• [Data]

________________________

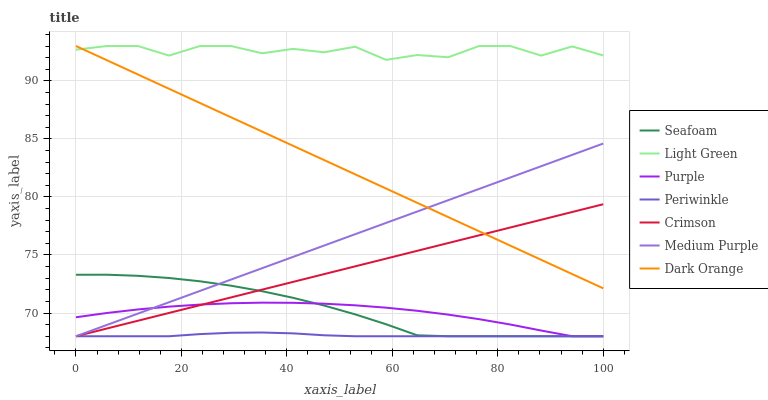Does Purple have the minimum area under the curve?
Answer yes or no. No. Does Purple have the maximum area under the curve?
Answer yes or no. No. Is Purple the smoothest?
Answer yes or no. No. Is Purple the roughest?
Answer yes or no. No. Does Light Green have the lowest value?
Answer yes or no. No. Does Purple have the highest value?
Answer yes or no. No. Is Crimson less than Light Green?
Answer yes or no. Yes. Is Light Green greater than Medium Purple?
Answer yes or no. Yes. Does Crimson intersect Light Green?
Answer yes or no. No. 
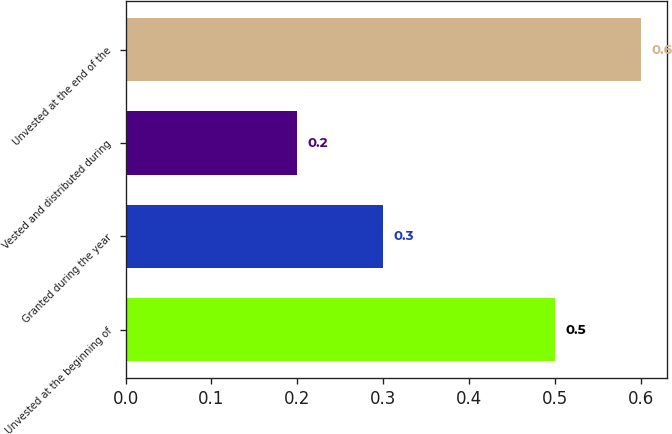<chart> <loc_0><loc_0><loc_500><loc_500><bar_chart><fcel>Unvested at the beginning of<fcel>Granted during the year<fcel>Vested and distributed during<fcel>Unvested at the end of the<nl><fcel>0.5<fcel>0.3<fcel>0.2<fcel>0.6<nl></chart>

________________________

• [Problem statement] Leaving aside the images, write out the entries above word for word.

• [Solution for this exercise]
Does Purple have the minimum area under the curve?
Answer yes or no. No. Does Purple have the maximum area under the curve?
Answer yes or no. No. Is Purple the smoothest?
Answer yes or no. No. Is Purple the roughest?
Answer yes or no. No. Does Light Green have the lowest value?
Answer yes or no. No. Does Purple have the highest value?
Answer yes or no. No. Is Crimson less than Light Green?
Answer yes or no. Yes. Is Light Green greater than Medium Purple?
Answer yes or no. Yes. Does Crimson intersect Light Green?
Answer yes or no. No. 
<chart> <loc_0><loc_0><loc_500><loc_500><bar_chart><fcel>Unvested at the beginning of<fcel>Granted during the year<fcel>Vested and distributed during<fcel>Unvested at the end of the<nl><fcel>0.5<fcel>0.3<fcel>0.2<fcel>0.6<nl></chart>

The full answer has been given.